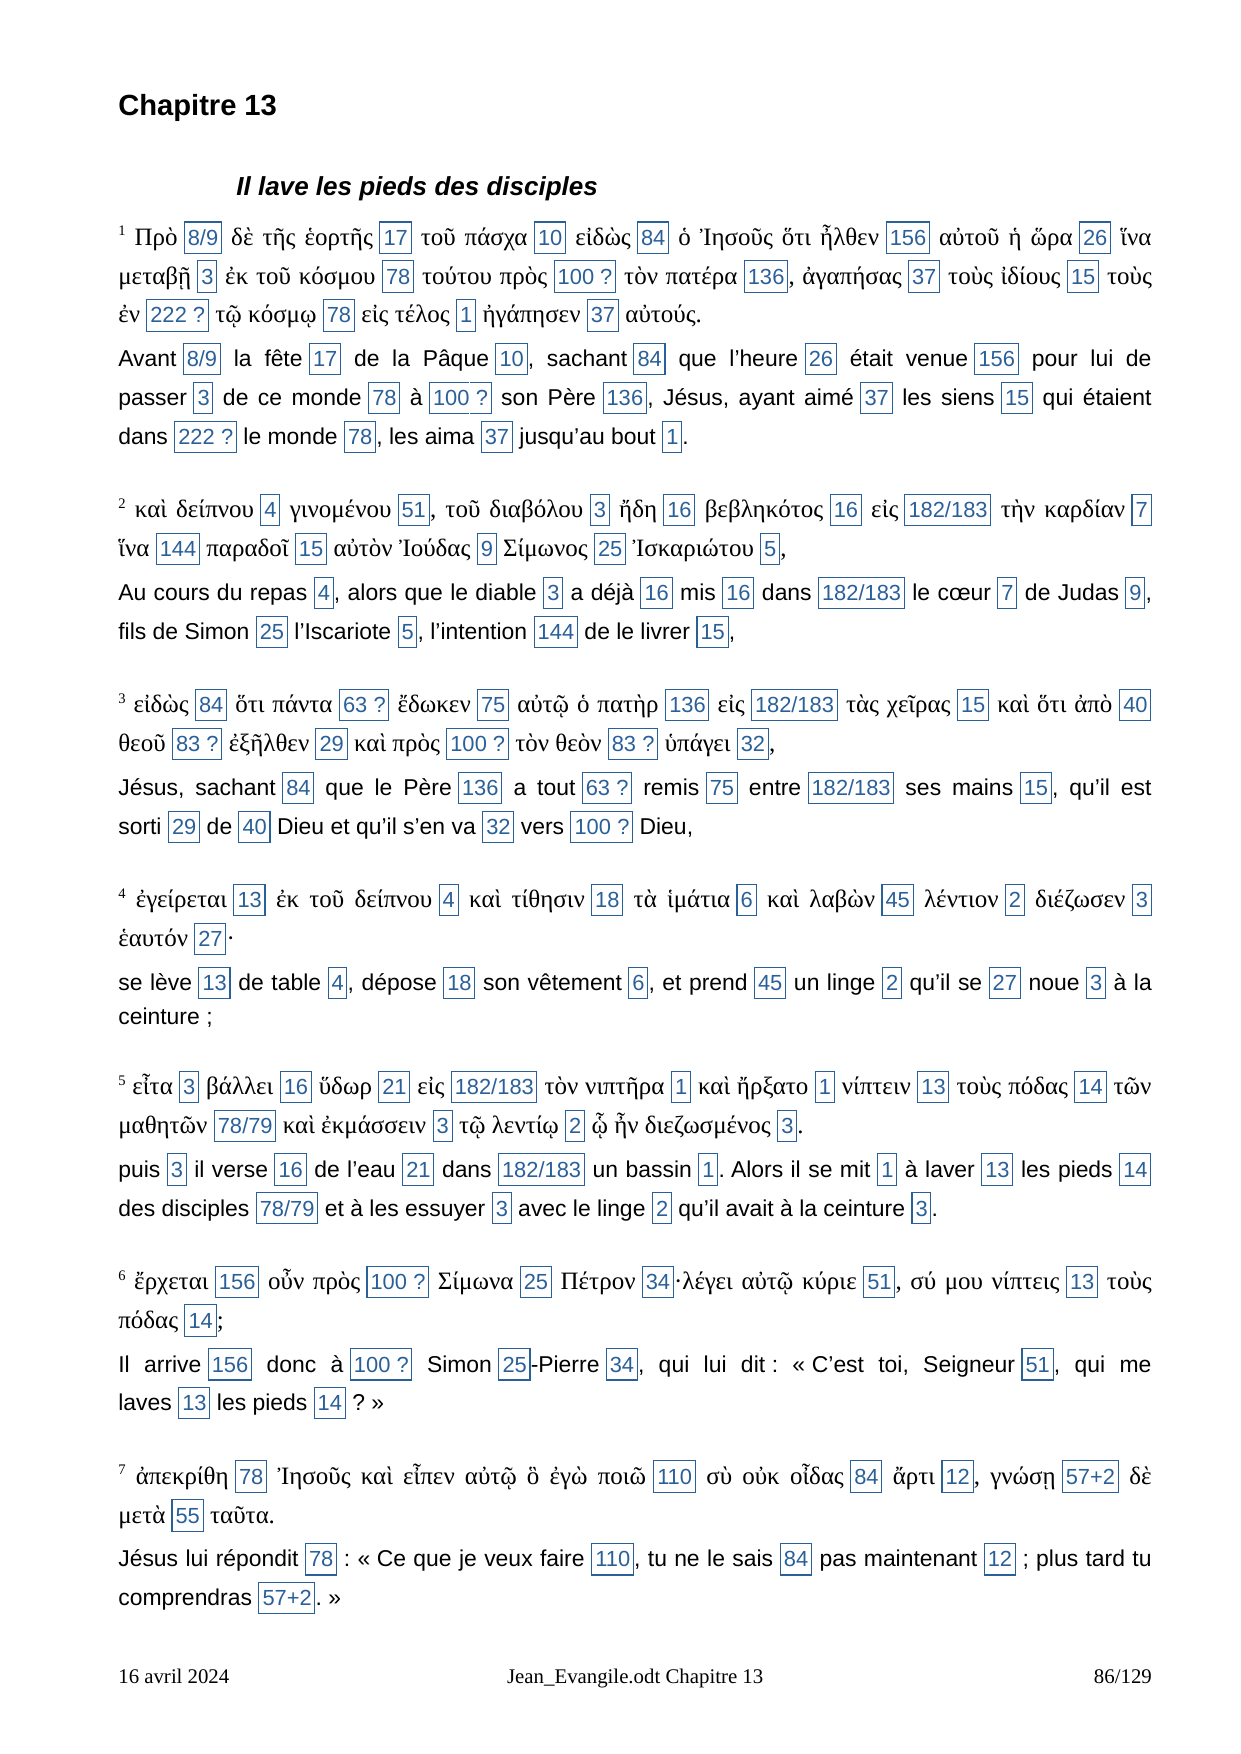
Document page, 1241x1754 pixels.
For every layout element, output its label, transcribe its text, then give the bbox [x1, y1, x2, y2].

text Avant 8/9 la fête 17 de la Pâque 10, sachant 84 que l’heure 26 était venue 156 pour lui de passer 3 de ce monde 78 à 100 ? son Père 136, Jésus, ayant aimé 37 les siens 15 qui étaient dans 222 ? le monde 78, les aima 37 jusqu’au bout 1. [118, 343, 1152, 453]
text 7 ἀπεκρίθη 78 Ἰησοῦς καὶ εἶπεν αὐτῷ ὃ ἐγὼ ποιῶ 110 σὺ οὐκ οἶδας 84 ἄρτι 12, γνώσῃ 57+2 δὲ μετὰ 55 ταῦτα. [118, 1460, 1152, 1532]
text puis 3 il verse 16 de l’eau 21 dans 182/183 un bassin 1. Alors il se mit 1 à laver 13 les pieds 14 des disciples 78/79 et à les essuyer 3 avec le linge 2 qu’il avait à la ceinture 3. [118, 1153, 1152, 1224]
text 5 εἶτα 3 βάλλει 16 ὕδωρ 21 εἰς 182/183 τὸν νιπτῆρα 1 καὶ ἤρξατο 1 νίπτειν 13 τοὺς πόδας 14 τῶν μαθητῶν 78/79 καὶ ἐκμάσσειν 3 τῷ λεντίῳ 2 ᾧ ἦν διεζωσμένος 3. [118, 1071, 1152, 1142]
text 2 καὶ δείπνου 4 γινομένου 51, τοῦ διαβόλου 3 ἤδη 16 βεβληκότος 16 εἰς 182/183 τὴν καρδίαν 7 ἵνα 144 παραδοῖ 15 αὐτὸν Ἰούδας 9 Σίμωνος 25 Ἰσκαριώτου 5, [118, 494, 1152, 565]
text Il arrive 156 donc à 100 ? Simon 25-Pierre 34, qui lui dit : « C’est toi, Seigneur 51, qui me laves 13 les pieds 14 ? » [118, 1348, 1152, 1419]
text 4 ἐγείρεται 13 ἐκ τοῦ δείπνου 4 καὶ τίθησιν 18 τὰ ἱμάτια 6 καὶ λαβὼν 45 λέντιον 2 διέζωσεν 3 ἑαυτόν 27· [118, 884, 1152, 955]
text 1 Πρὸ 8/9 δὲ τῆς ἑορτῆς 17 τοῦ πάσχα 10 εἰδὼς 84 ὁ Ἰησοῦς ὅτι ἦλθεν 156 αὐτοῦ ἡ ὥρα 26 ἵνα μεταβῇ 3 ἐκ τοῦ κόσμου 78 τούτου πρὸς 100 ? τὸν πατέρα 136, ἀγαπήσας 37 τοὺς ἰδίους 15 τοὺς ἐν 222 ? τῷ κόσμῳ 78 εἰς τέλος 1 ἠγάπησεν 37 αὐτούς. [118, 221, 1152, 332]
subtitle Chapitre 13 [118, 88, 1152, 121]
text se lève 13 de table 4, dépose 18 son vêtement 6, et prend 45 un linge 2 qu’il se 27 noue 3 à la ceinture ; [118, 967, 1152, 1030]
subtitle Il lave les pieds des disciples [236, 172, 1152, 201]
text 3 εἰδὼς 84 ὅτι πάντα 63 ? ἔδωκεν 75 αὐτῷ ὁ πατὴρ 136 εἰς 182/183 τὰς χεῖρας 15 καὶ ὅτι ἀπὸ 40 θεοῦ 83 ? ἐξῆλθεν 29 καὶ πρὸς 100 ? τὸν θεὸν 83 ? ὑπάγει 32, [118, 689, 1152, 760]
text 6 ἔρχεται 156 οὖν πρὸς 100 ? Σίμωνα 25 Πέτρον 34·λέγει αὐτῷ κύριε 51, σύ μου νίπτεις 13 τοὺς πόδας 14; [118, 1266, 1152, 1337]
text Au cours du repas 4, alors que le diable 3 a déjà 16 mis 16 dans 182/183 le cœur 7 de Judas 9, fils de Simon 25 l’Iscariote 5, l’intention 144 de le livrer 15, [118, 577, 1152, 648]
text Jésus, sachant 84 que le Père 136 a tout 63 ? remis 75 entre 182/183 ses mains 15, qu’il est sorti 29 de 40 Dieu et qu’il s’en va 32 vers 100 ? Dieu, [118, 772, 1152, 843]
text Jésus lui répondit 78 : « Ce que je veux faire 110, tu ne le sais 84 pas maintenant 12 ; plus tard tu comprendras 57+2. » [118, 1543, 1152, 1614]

--

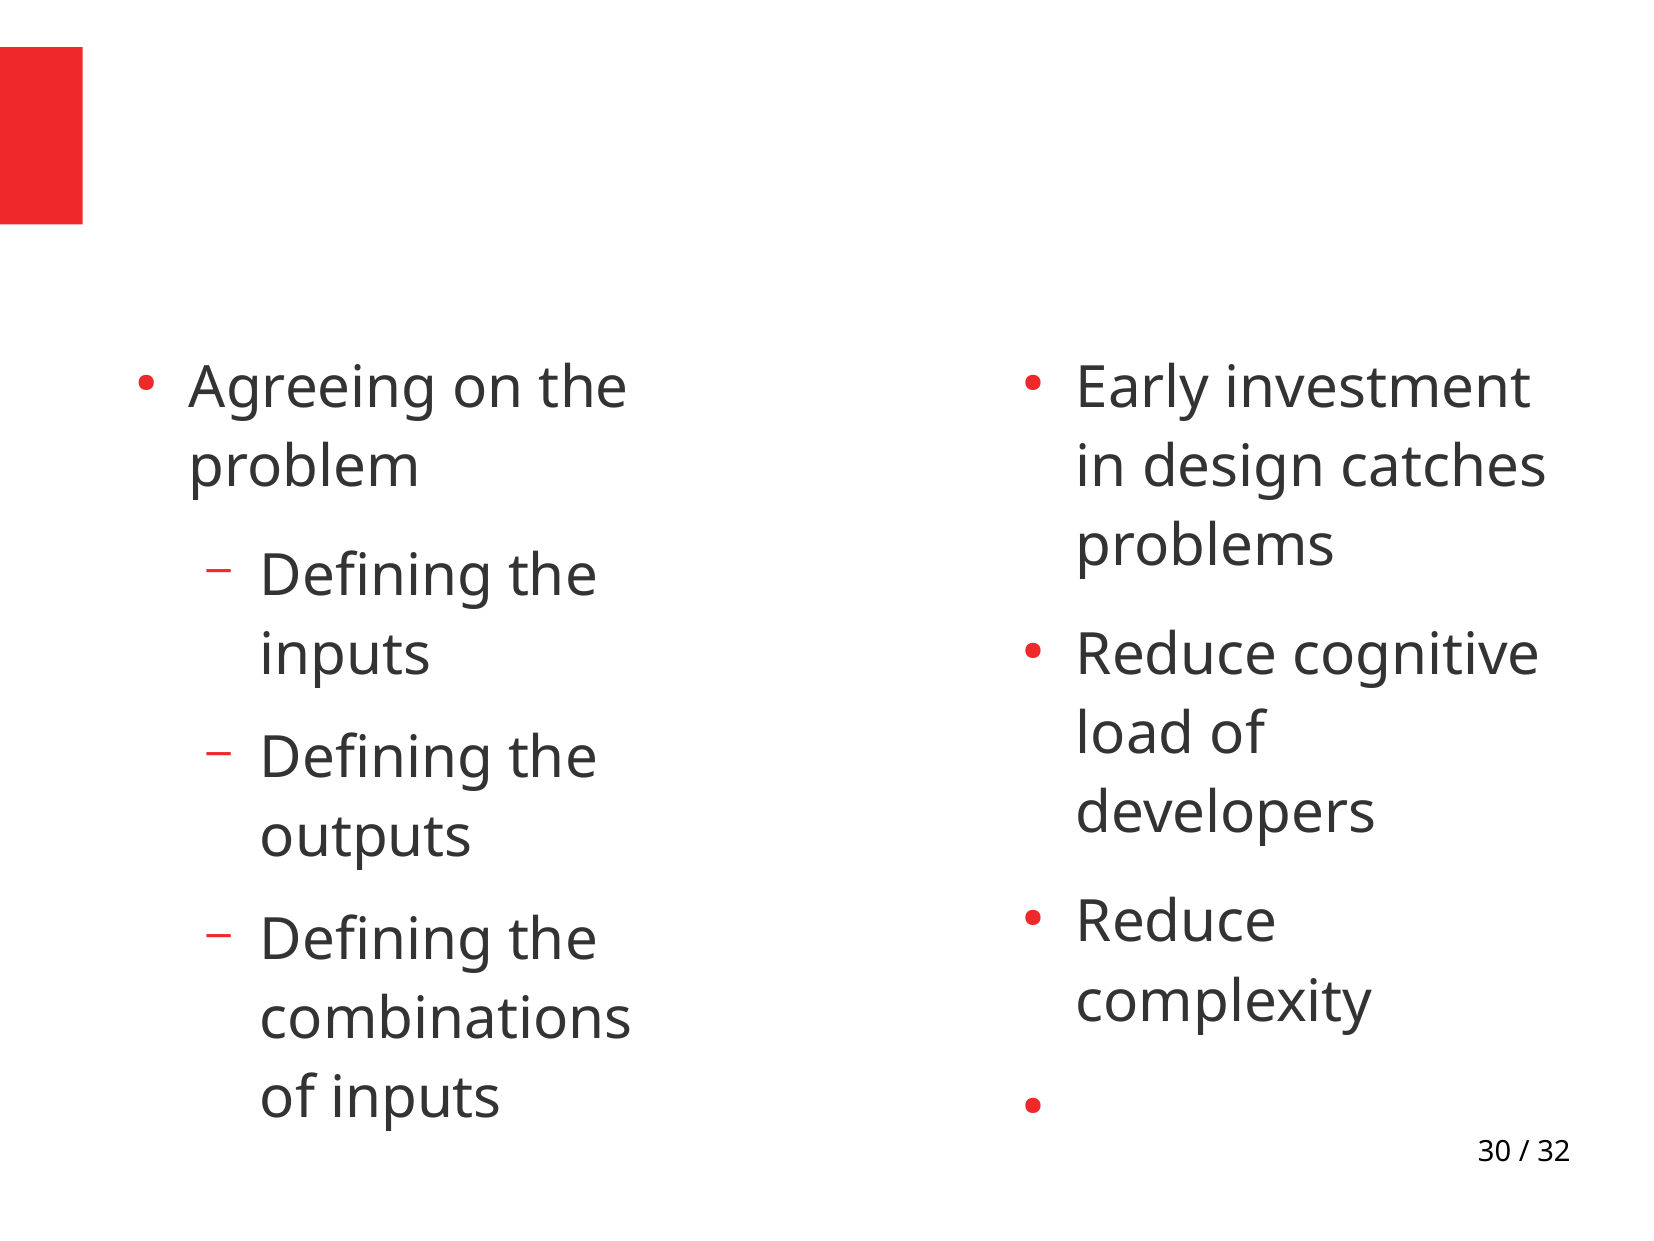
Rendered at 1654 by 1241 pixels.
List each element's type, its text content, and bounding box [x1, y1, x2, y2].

● **Work to complete**: Only the number of lines in the data that hold "pixels" should be stated.

● **Answer to this problem**: 2